= Hugh McGavin =

Canadian politician

Dr. Hugh James McGavin (14 November 1874 - 8 March 1958) was a politician in Manitoba, Canada. He served in the Legislative Assembly of Manitoba from 1927 to 1932, as a member of the Conservative Party.

McGavin was born in Paisley, Ontario, son of James McGavin, a saddler born in Catrine, Ayrshire, Scotland and Elizabeth Wright, born in Glasgow Scotland, daughter of James Wight and Jean Malcolm. He came to Manitoba in 1877.

He received a medical degree from the Manitoba Medical College, and practised as a general physician in Plum Coulee. McGavin was appointed a health officer in 1903, with a stipend of $40 per annum.

Dr. McGavin's motto was "Do all the good you can for as many people as you can for as long as you can."

He was married twice: first in 1907, to Emily Christine Bryans, who died 1918, and then to Ida Nauer shortly following the death of his first wife.

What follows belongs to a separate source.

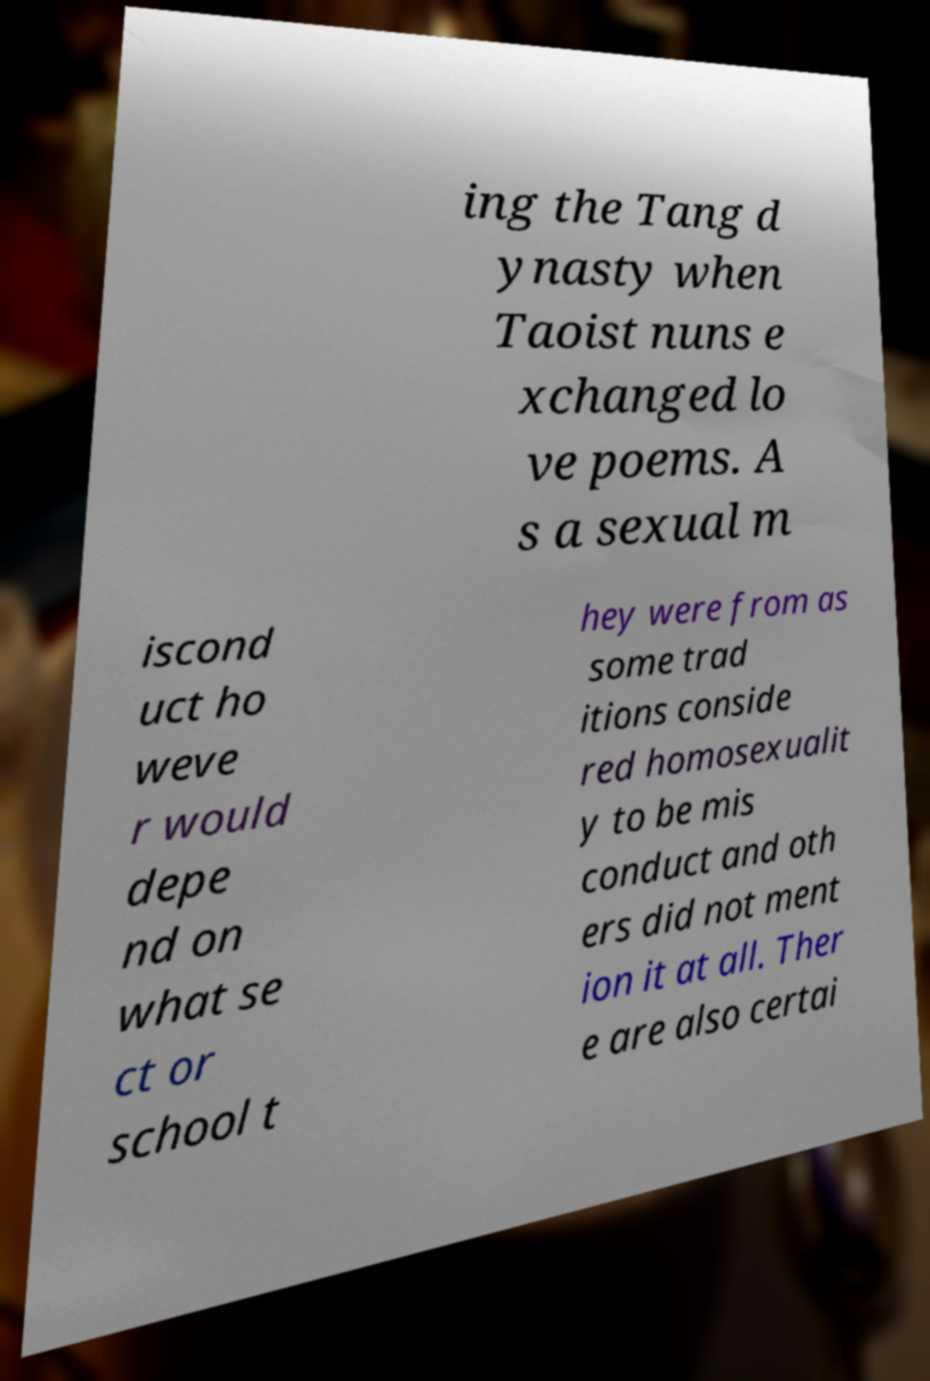I need the written content from this picture converted into text. Can you do that? ing the Tang d ynasty when Taoist nuns e xchanged lo ve poems. A s a sexual m iscond uct ho weve r would depe nd on what se ct or school t hey were from as some trad itions conside red homosexualit y to be mis conduct and oth ers did not ment ion it at all. Ther e are also certai

He first sought election to the Manitoba legislature in the 1910 provincial election, but lost to Liberal Valentine Winkler by 133 votes in the constituency of Rhineland. When he next ran in the 1927 election, he defeated Progressive candidate J.H. Black by 120 votes in Morden and Rhineland. (Black actually won a plurality of votes on the first count, but was defeated on transfers from the third-place candidate. Manitoba elections were determined by a single transferable ballot in this period.)

The Conservatives formed the official opposition in Manitoba after the 1927 election, and McGavin served as an opposition member for the next five years. In the 1932 campaign, he lost to Liberal-Progressive candidate Cornelius Wiebe by 447 votes.

He died at home in Plum Coulee at the age of 83.